O governo paulista clama com voz fraca pela força da lei. Em um esforço lento, aposta no poder regenerador da ordem jurídica. Esta foi sistematicamente violentada pela ocupação irregular e progressiva das terras do Pontal. Não faltaram prefeitos, juízes, vereadores e deputados que, amparados na negligência e inação de governadores de São Paulo, colaboraram para a apropriação ilegal das terras públicas das reservas estaduais.

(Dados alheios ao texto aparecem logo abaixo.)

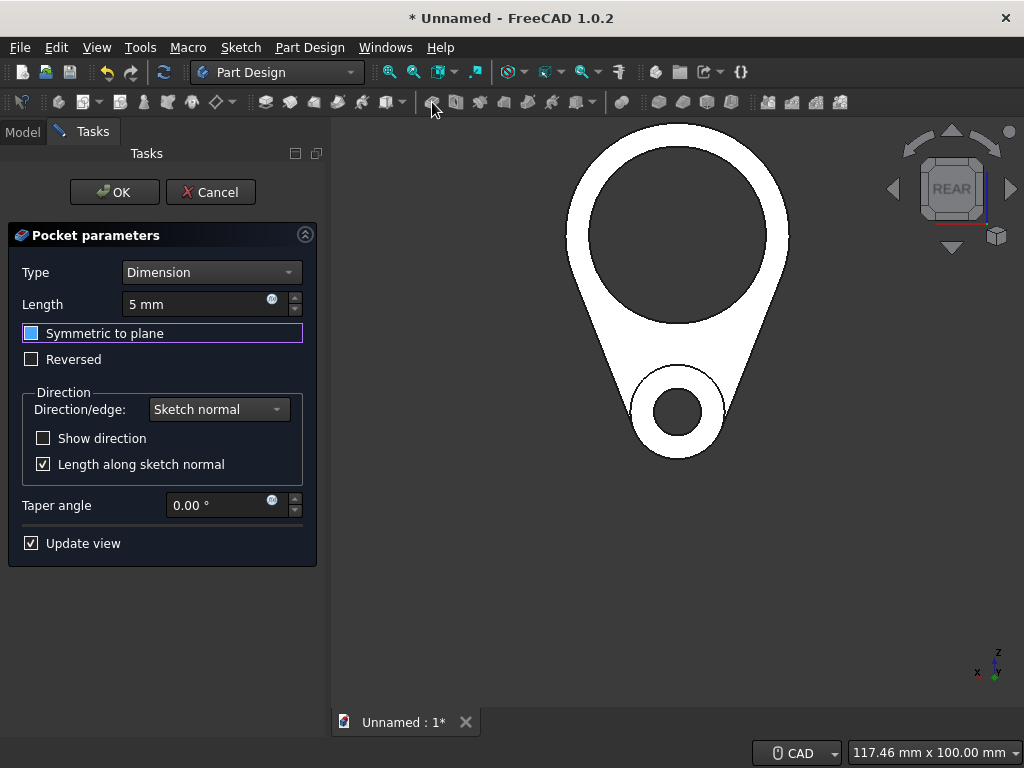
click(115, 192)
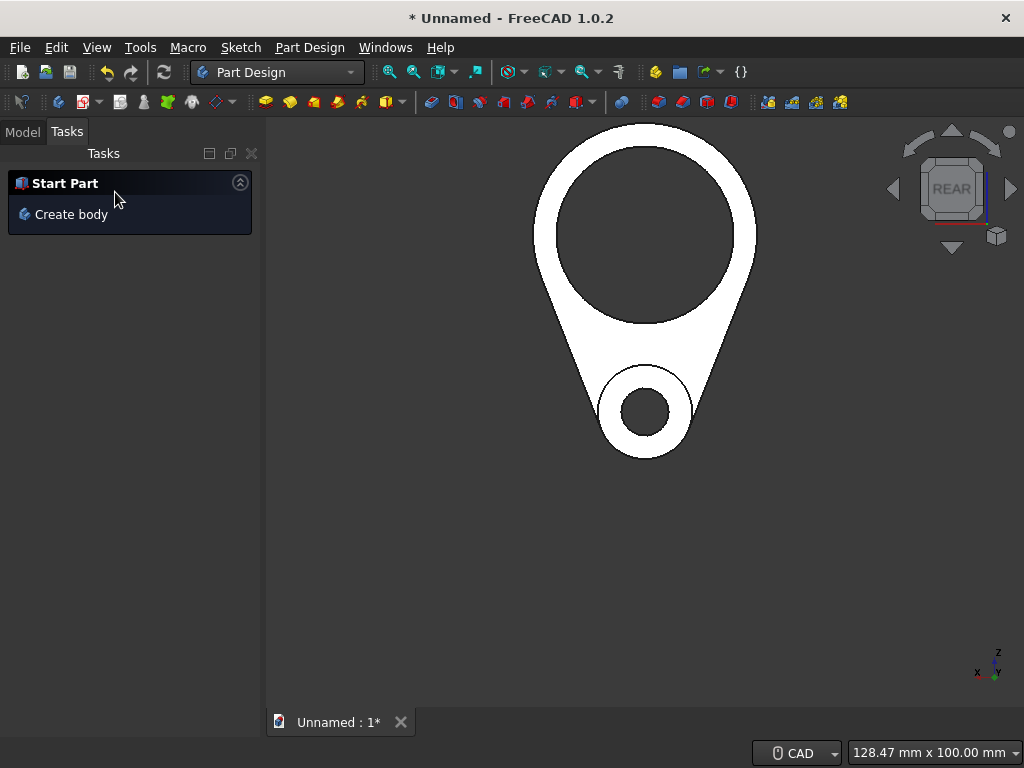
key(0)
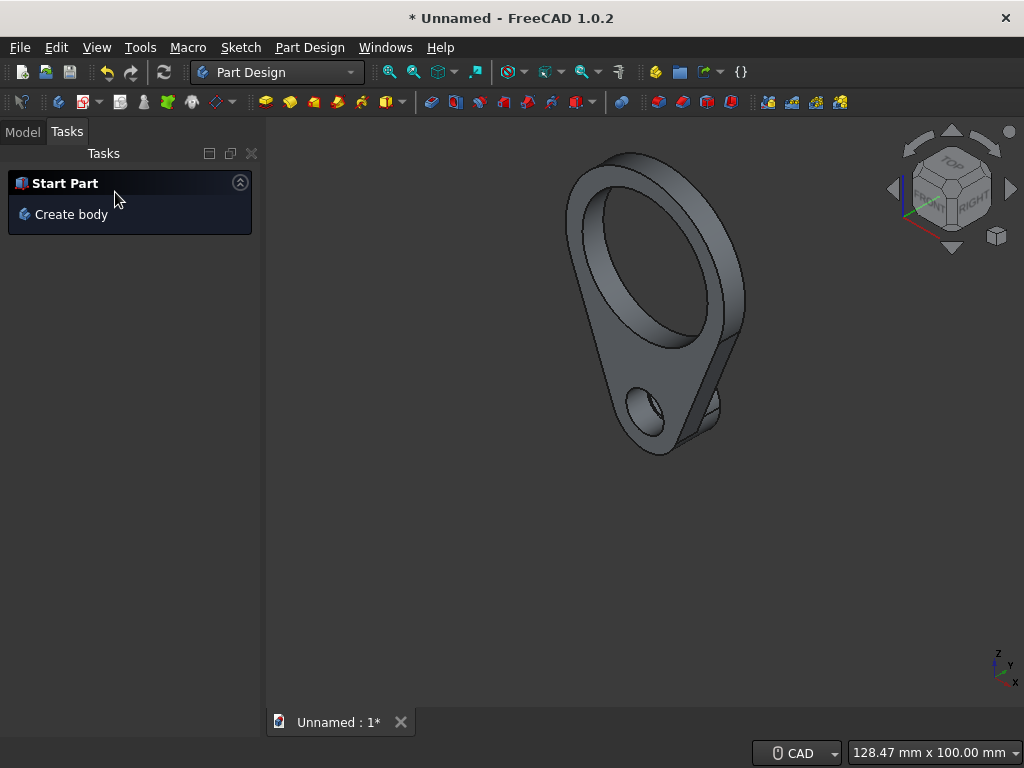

Na década de 1990, o MST iniciou a mobilização de arrendatários, bóias-frias, assalariados e desempregados. Hoje, há vários assentamentos ocupando milhares de hectares e abrigando centenas de famílias. O governo do estado quer regularizar a situação fundiária na região, retomando terras devolutas e abrindo a possibilidade de sua aquisição mediante a venda aos atuais ocupantes. Espera, assim, estabelecer um clima de segurança e tranqüilidade social capaz de incentivar as atividades econômicas e atrair novos investimentos no Pontal. Enfim, dar vida nova para essa área degradada e para a população espoliada pela violência dos homens contra a natureza e contra seus semelhantes.
A redenção dos pobres da terra ganhou novo alento com a volta da atuação de José Rainha, dirigente do MST, no Pontal. Enfrentando preconceitos, acusações, desconfianças e ameaças de todo tipo, Rainha organiza um novo e grande acampamento. Está reunindo os desvalidos da sorte e as vítimas recentes da inépcia governamental do pacto de sangue PSDB-PFL. Na anunciada nova Canudos, os solos calcinados, a fauna e a flora dizimadas, a extinta população das tribos Caiuás e Caingangues, poderiam rebrotar das cinzas ? José Rainha e seus companheiros apostam na nova era política do governo Lula.
A superação da lógica do conflito e da violência social é um desejo esperado e necessário. Igualmente, a transformação do Pontal em região produtiva, de fato, via para a promoção social, combate à fome, desemprego e pobreza. Integrar o Pontal do Paranapanema ao conjunto da economia estadual, preservando os vestígios das reservas naturais, implica, também, em compreender os mecanismos da criação dessa que foi, até agora, a terra prometida do erro. O que ela recebeu, o que ela pode dar?
Paulo Henrique Martinez, professor no Departamento de História da UNESP, Assis/SP.